Cela dit, qui de Ferrari ou McLaren-Mercedes aura l’avantage dans cette étape belge du championnat ? Impossible à dire tant les deux écuries se tiennent de près. Elément à intégrer dans l’équation : le conseil mondial de la Fédération Internationale rendra ce jeudi 13 septembre son verdict dans le dossier d’espionnage impliquant les deux formations via certains ingénieurs. Quel que soit son sens, ce jugement aura un impact psychologique, les uns se considérant comme vainqueurs tandis que fatalement les autres connaîtront l’amertume des vaincus.

BMW et Renault, les challengers

Jusqu’ici, nous n’avons évoqué que quatre pilotes représentant deux marques. Est-ce à dire qu’il n’existe aucun autre candidat sérieux à la victoire ? Ce serait négliger cette trop fameuse incertitude du sport.

Sur le papier, les deux sociétaires de l’écurie BMW sont évidemment les mieux placés pour faire éclater le quatuor infernal. S’ils veulent réussir cet exploit, Nick Heidfeld et Robert Kubica doivent réduire d’un coup le petit retard qu’ils accusent toujours sur les ténors. A plusieurs reprises, ils se sont maintenus dans le sillage du groupe de tête sans jamais parvenir cependant à se mêler vraiment à la lutte ; ils pouvaient juste suivre.

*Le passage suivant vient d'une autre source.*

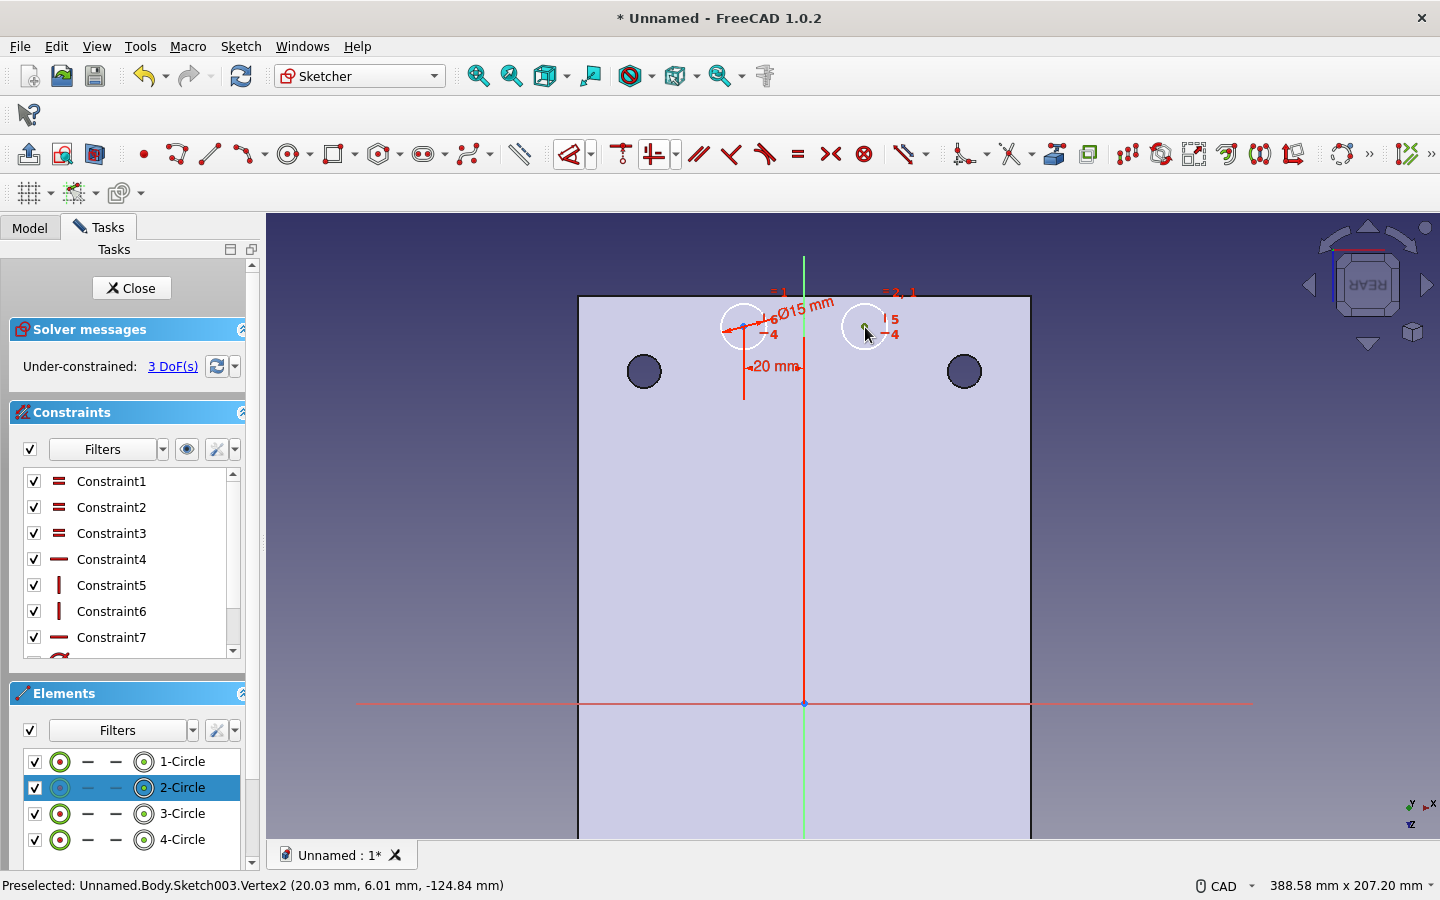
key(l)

Le moteur V8 BMW semble très puissant, un atout important à Francorchamps notamment après le Raidillon de l’Eau Rouge dans la longue montée vers les Combes. Hélas, la monoplace allemande souffre d’une tenue de route moins parfaite que celle des Ferrari et McLaren, peut-être à cause d’une approche trop timide à l’heure de sa conception. Et puis les stratèges munichois ne se montrent pas toujours très finauds dans leurs options, on l’a vu en Hongrie où ils ont ruiné la course de Kubica en lui imposant un premier arrêt au bout de quelques tours.

Autre outsider, Renault. Certes, la formation française a nettement reculé dans la hiérarchie et Flavio Briatore son flamboyant patron apprend à vivre sans Alonso. Lors des derniers GP, les RS 27 ont néanmoins manifesté un petit regain de forme, plus sensible avec Heikki Kovalainen que du côté de Giancarlo Fisichella. Est-ce le fait de se retrouver dans le collimateur du fisc, en tout cas le petit Romain ne parvient plus à se transcender, il multiplie les erreurs et plie l’échine face à son jeune équipier. Ce dernier, après une entrée en matière délicate, est au contraire occupé à marquer son territoire puisque depuis le rendez-vous canadien, il a inscrit 16 points contre 3 seulement à celui qui est a priori son chef de file.

Les miettes du festin…

A moins d’une énorme surprise – souvenons-nous du coup de Markus Winkelhock leader en Allemagne pour son premier GP – les autres écuries devront se contenter des miettes du festin.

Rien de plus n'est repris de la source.